[Opening RECORDS TO PROCESS section]

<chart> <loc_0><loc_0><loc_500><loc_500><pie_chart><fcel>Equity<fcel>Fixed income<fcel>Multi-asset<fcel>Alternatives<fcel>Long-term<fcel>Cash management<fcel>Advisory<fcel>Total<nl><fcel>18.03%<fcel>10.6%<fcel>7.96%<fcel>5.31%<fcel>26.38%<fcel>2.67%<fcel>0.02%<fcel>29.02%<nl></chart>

[Closing RECORDS TO PROCESS section]
[Opening RECORDS TO PROCESS section]

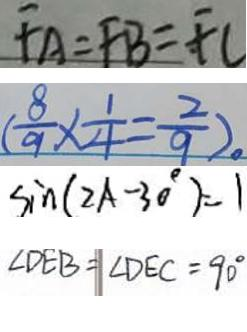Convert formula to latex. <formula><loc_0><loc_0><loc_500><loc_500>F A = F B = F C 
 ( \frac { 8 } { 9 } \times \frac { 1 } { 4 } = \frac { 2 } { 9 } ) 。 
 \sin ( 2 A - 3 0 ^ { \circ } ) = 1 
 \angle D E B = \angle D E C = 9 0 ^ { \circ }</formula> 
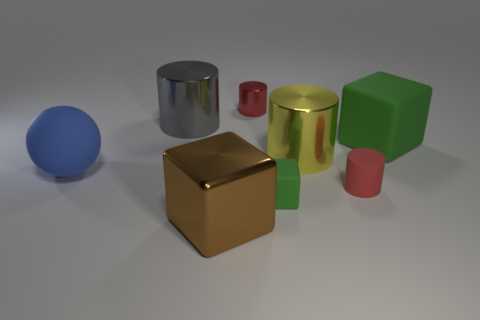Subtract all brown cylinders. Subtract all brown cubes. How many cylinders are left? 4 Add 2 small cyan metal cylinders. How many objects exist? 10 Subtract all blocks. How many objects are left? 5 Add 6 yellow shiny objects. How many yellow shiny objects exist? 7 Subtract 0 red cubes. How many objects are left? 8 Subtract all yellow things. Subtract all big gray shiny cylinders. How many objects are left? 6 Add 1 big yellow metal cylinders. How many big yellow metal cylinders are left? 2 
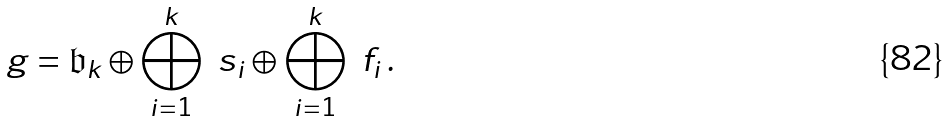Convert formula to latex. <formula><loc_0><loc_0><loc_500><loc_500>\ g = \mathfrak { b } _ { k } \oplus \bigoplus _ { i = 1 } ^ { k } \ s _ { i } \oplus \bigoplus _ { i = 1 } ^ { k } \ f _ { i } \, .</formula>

[Closing RECORDS TO PROCESS section]
[Opening RECORDS TO PROCESS section]

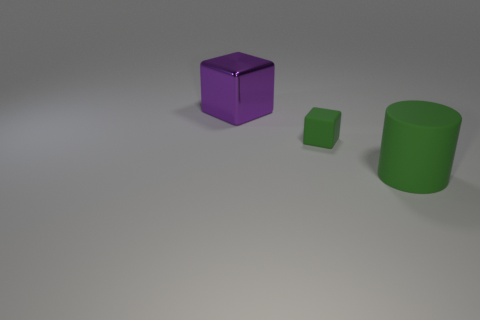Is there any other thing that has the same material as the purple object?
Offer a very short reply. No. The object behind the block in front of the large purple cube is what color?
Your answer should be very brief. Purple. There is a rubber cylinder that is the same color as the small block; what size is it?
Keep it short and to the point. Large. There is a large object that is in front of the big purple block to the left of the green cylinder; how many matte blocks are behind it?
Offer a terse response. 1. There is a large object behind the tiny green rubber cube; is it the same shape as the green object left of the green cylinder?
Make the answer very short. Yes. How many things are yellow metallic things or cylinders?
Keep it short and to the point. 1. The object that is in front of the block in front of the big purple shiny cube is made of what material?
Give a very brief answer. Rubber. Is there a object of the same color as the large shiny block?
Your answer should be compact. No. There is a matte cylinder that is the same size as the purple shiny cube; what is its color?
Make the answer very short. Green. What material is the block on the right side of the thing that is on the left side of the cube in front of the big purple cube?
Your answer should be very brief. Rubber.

[Closing RECORDS TO PROCESS section]

### WORK REQUEST
In the listing above, transcribe exactly everything from the line containing "Give a very" down to the line containing "Your answer should be very brief. Rubber.", including both and nothing more.

### ANSWER SPACE
Give a very brief answer. Rubber. Is there a object of the same color as the large shiny block?
Your answer should be compact. No. There is a matte cylinder that is the same size as the purple shiny cube; what is its color?
Make the answer very short. Green. What material is the block on the right side of the thing that is on the left side of the cube in front of the big purple cube?
Your answer should be very brief. Rubber.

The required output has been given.